Thursday, March 27, 2008

Mae Sai

Mae Sai - Taichilek border crossing, from Mae Sai
I'm back in Thailand, in the lovely, seedy border town of Mae Sai. I'll be heading back to Chiang Mai in a few hours. I have lots of photos and stories to put up, but I'm going to wait for a better internet connection to do so.

Let me just say that Burma is a strange, strange place. When you step across the border, you set your watch back 30 minutes, and move back in time a half a century. It's a dictatorship, but one held together with carbon copies, handwritten account books and library paste. The streets are dirt, the houses bamboo and thatch, the vehicles improvised, held together with hope and wire. More than anywhere else I've ever been, it's a place apart. And yet...the thing I've come to understand, above all, is that Burma's isolation doesn't --as it were-- happen in isolation. The life is being sucked out of the country, and that's very, very good for the rest of the region. Whether their interests are in gas, oil, timber, hydropower, gems, drugs or labor, powerful people in the surrounding countries benefit from Burma staying exactly as it is. The chaos in Burma allows for ruthless extraction of its resources in a way that would never be possible in a country where the government bears any accountability to its people. Thailand benefits, China benefits, India benefits, the Burmese junta benefits -- and the Burmese people are left to pay the price.

This, I think, is the most important story about Burma, and I'm working on how to communicate it through the frame of the issue I'm focusing on.

Thursday, March 20, 2008


Smoking Lounge, Taipei Airport
Made it to Taipei, Taiwan. Confirming, once again, that airports (at least the big ones) are pretty much identical the world over -- though this one is a bit chillier than average. Points for free wireless. Demerits for bad, overpriced coffee.
2 more flights to go.

Wednesday, March 19, 2008

Heading off..

I'm off to the airport in just a few minutes, to Chiang Mai, Thailand via Taipei and Bangkok. I'll try to post again when I arrive.

Friday, March 14, 2008


Fall Creek
Snow? In upstate New York? In March?
This is something that should have occurred to me in advance. But living in California has made me soft.

Monday, March 10, 2008


The (semi)final cut of my series on the drag show at Marlena's Bar in Hayes Valley:

Check out a few more from the series on my flickr acount

Friday, March 07, 2008

Traveler's Song

My loving mother, thread in hand,
Mended the coat I have on now,
Stitch by stitch, just before I left home,
Thinking I might be gone a long time.
How can a blade of young grass
Ever repay the warmth of the Spring sun?

- Meng Jia, translated from the Chinese by Mingfong Ho
I looked up, and discovered February had already slipped through my hands.

Wednesday, March 05, 2008

Adventures of Isabel

I’ve been asked a few times lately, so: the title “Adventures of Isabel” refers to a poem by Ogden Nash about a little girl who refuses to be intimidated by anything or anyone. Those of you who were never a little girl named Isabel may find it a bit obscure, but she’s always been an inspiration to me…

Saturday, March 01, 2008

The Other Peace Process in Mindanao

While public attention is focused on peace negotiations between the Philippine Government and the Moro Islamic Liberation Front and the Communist Party of the Philippines, a third, much quieter peace process has been underway in Mindanao. Since 2003, the Revolutionary Worker's Party of Mindanao (Rebolusyonaryang Partido ng Manggagawa ng Mindanao - RPM-M) has been in negotiation with the government to end three decades of conflict.

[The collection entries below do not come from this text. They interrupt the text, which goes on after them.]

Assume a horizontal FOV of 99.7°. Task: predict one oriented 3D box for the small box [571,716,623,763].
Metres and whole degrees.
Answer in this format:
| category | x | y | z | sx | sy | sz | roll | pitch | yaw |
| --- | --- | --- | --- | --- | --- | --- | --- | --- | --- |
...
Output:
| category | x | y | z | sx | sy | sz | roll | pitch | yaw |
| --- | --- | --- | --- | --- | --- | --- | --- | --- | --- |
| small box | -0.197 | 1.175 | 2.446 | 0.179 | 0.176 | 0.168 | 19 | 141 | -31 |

Mediated by Balay Mindanaw, a local NGO, and conducted locally, transparently, and with the involvement of the affected communities, this "other peace process" is focused on identifying and meeting the needs of villagers before an agreement is signed.

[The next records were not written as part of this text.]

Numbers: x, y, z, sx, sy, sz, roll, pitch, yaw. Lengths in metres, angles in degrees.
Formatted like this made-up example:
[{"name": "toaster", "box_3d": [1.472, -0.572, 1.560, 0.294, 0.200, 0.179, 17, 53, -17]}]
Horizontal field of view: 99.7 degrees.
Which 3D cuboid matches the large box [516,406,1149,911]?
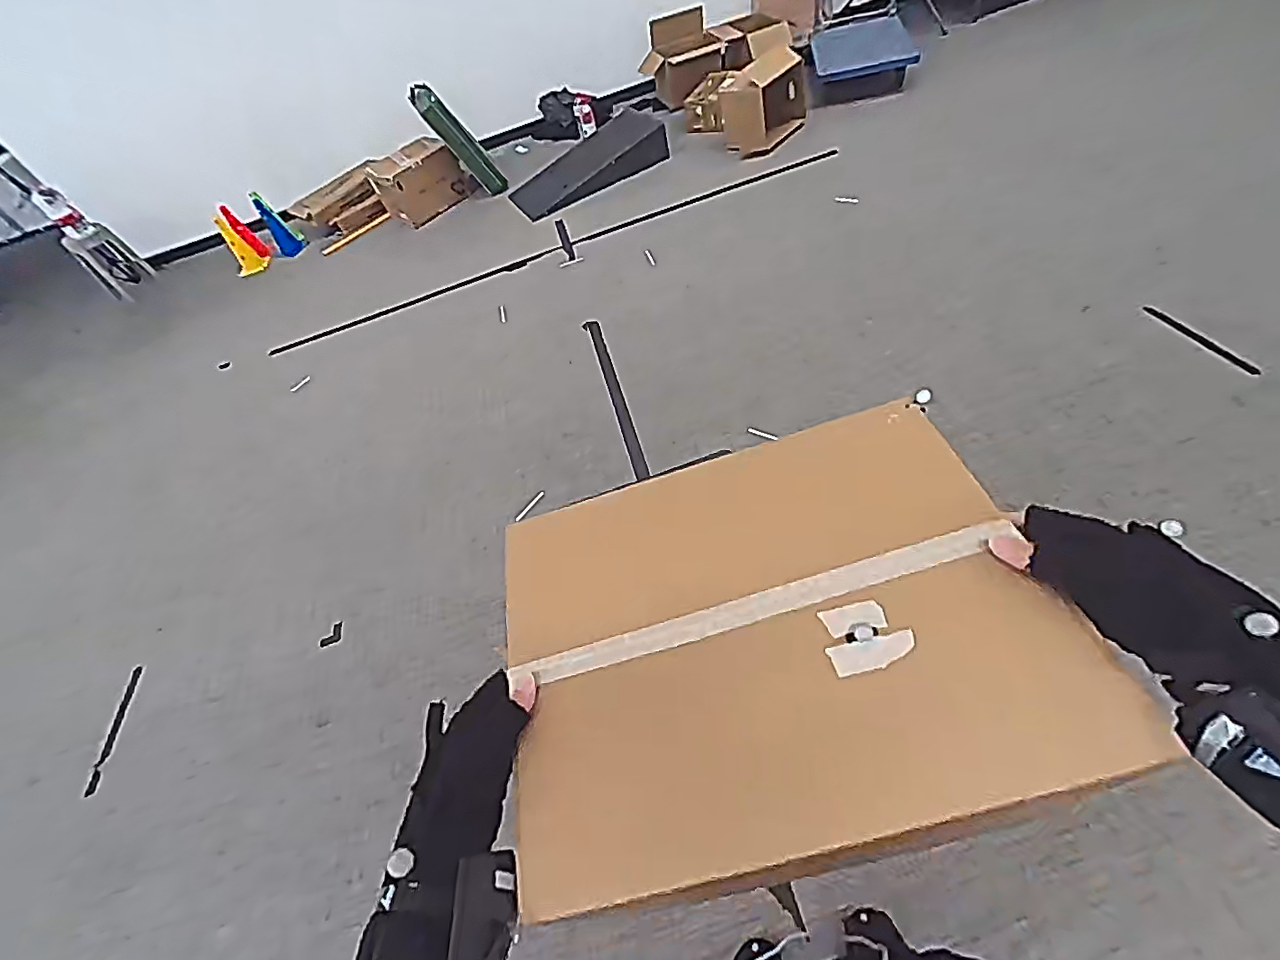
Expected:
[{"name": "large box", "box_3d": [0.129, 0.192, 0.545, 0.408, 0.320, 0.320, -18, 51, 4]}]

By giving all affected parties ownership over the process, focusing on the needs of communities rather than politicians, and avoiding high-profile international involvement, the process has avoided much of the chaos, violence and media posturing that mars negotiations with the MILF and the CPP. Unfortunately, corruption and insincerity on the part of the government and government contractors (and the unwillingness of international agencies to give aid before a final agreement is brokered) threaten to undermine the process. Villagers often do not see the infrastructure projects they are promised -- and every time the government fails to deliver its side of the bargain, it becomes more difficult to reengage communities in the peace talks.

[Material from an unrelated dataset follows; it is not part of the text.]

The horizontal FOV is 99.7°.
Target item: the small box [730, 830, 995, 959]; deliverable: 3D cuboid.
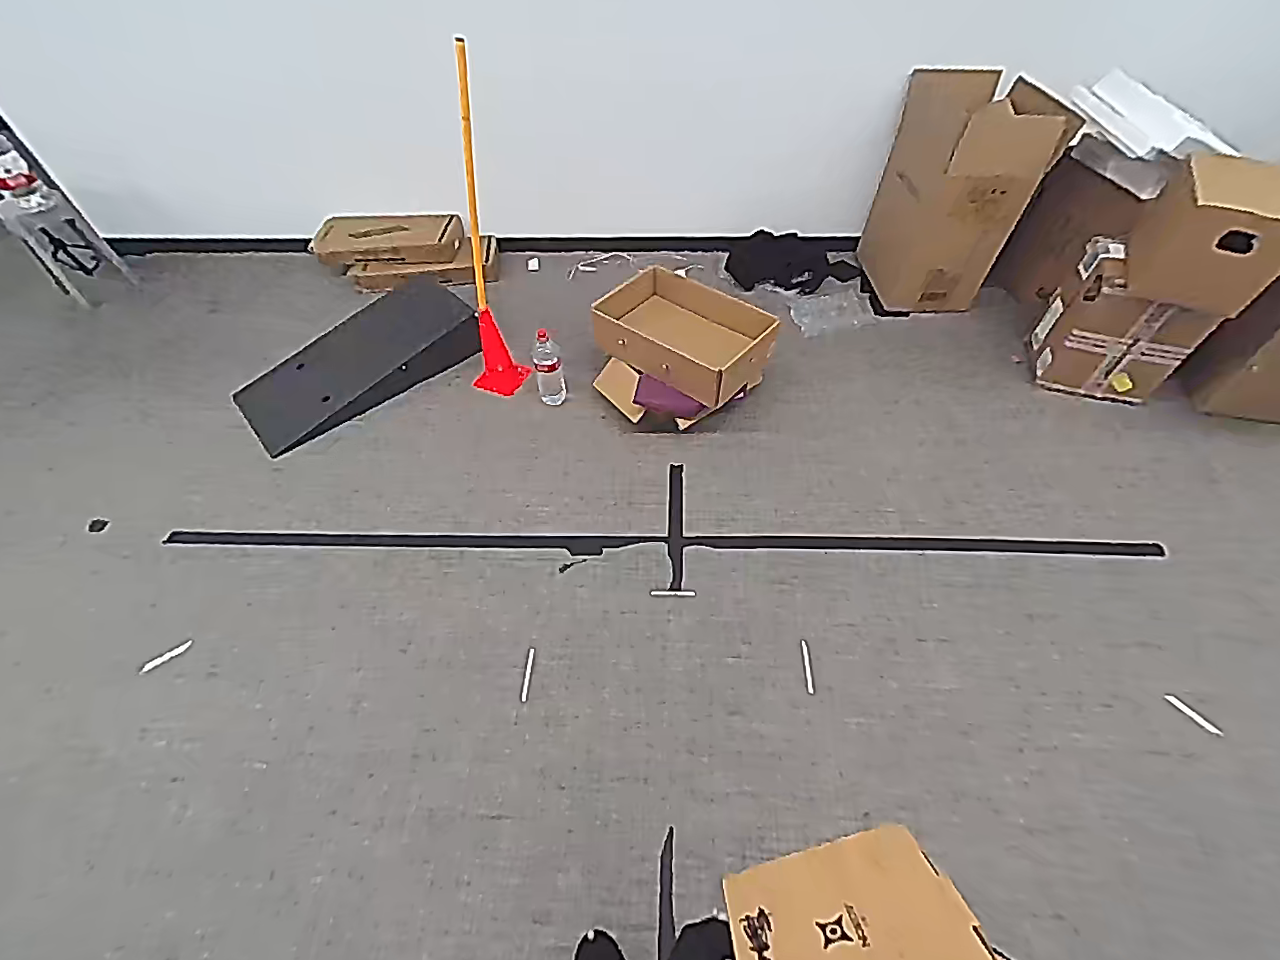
[{"bbox_3d":[0.187,0.430,0.427,0.179,0.168,0.176,-18,92,2],"label":"small box"}]

I had the chance to meet with Balay Mindanaw president Kaloy Manlupig earlier this week, and was very impressed by his commitment to the peace process. I'm hoping to visit the affected areas this summer, so more on this later...

(And I'm going to quickly note here that US involvement in the region is, of course, complicating this process as well -- partly by pushing the Philippine government further towards a manichaean division between "good guys" and "bad guys" that discourages negotiation with "enemies" and "terrorists" like the RPM-M and the villagers who support them, and partly by threatening to disrupt the ceasefire in its hunt for "terrorists" in Mindanao.)